Review of Kiarostami's Ten

A couple of nights ago I watched Abbas Kiarostami's 2002 film, Ten. I was struck by how claustrophobic a space the interior of a car, the interior of this woman's life, was. But also by the kind of proximity that women can achieve, and can fail to achieve, in the face of alienating conditions. And by the depth of passion this woman exhibited, in the most ordinary and unremarkable of circumstances. Although the film is set in Tehran, Iran, I don't think it is reductive to say that its drama -- centred on this woman's intimate relations -- is transferable to other geopolitical locales, to other patriarchal cultures -- like mine. And this is the effect of Kiarostami's deep humanist intuition: to enable affective and political identifications with individuals who are normally constructed as our "Other"; whose experience, values, and desires are constructed as the very antithesis of our own.

I once had a conversation in passing with an Iranian acquaintance about Iranian film. He was very critical of the politics of importation of Iranian film by the west, claiming that although the Iranian film industry predominantly produces comedies, the west only imports its tragedies. Western audiences therefore only have access to Iranian films that support the prevailing, orientalist western construction of Iranian culture and politics, and especially its gender politics. But, to my mind, Kiarostami's Ten is an exception. For, while it has something of the heaviness that I, as a western cinemaphile, associate with Iranian film, Ten also is infused with the energy and humour and passion of a woman who refuses to be dominated, and who, to a certain extent, succeeds in eschewing normative gender ideology, embodied and transmitted by her young son. Ten acquaints us with a woman who tries to have ethical relations with strangers as well as intimate friends, and whom we often see struggling and failing to do so, with a woman who is trying to learn how to love herself. As a character, she is not unproblematic: but this too is instructive, from her paternalistic interaction with a sex-worker whose contempt for her bourgeois hypocrisy is palpable, to her unreflective stance on domestic labour.
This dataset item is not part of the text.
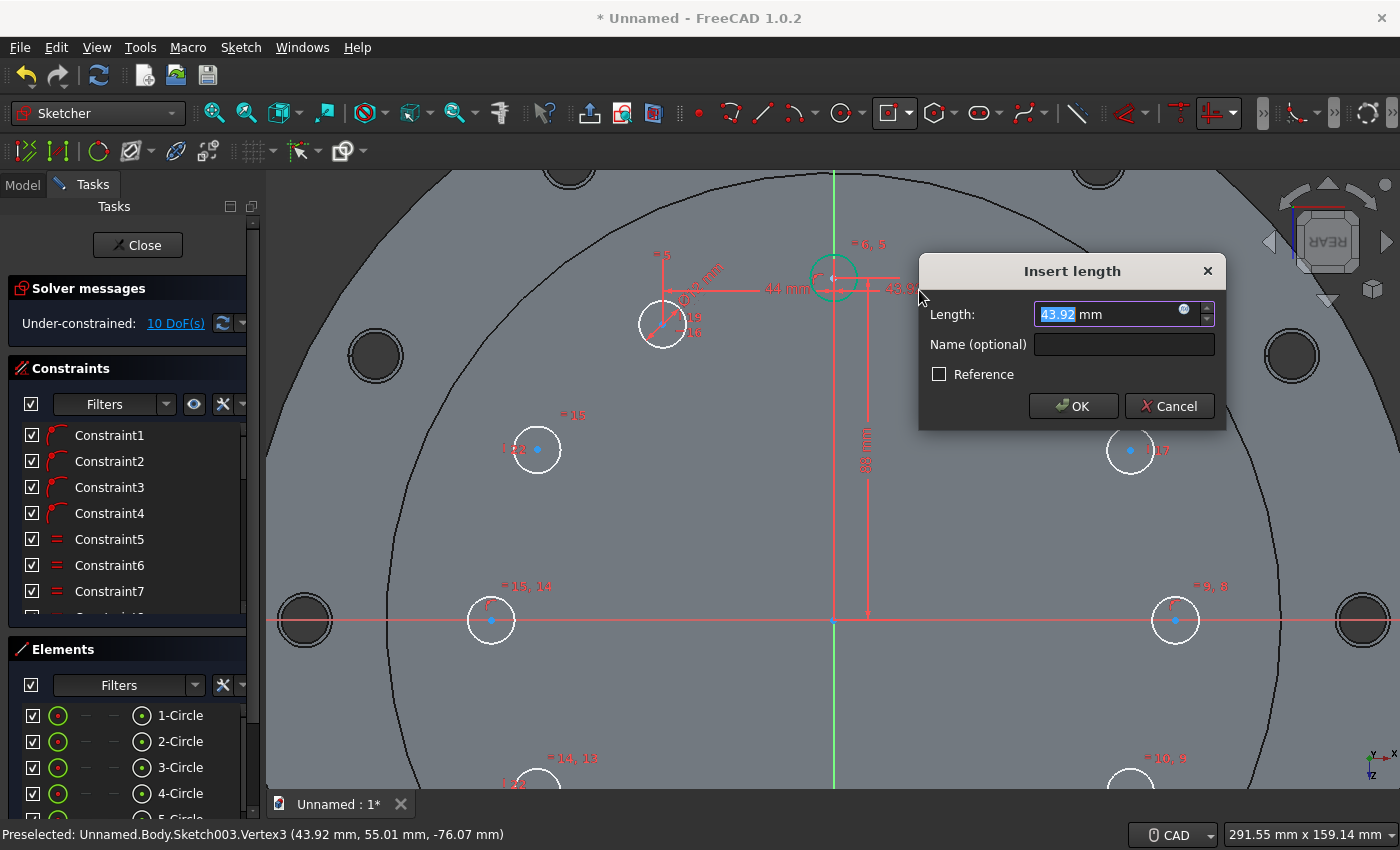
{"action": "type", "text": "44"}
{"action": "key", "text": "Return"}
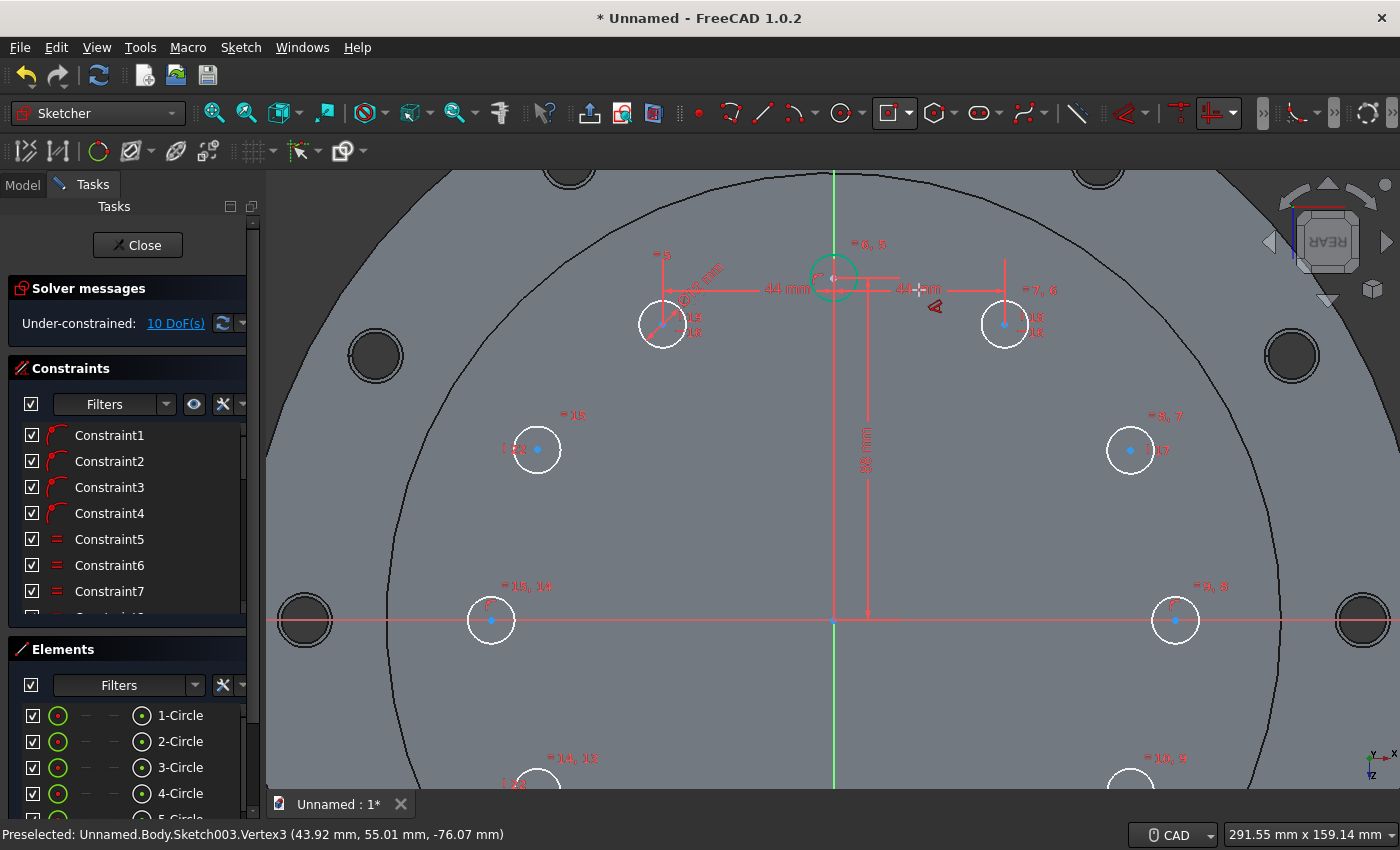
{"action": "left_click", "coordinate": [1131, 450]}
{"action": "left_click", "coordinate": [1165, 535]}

In a non-didactic way, Ten shows us the mundane negotiation of feminist politics on the ground, by an ordinary, politicized woman. It arrests the orientalizing gaze, and controverts the western construction of Iranian women -- and Muslim women more generally -- as entirely divested of agency, and as lacking a sense of self independent of the projects, desires, and needs of others. It depicts an Iranian woman as mobile, both literally and metaphorically agentially engaging the world, encountering obstacles, to be sure, but obstacles much like those women encounter -- and have become accustomed to seeing as apolitical or normal aspects of their lives -- in the west. In fact, by occasioning the identification with its central character, who does regard the limitations society places on her freedom and her desires as political, Ten generates questions about the status of social roles in the western viewer: if the normative pressure to be a paragon of maternal love is political in Iran, is it not also political in Canada? Ultimately, viewed under the right lens, Ten can be seen to motivate the argument that we need a transnational feminist politics, precisely because women simultaneously share and don't share an experience of oppression, and so that women can flourish as subjects everywhere.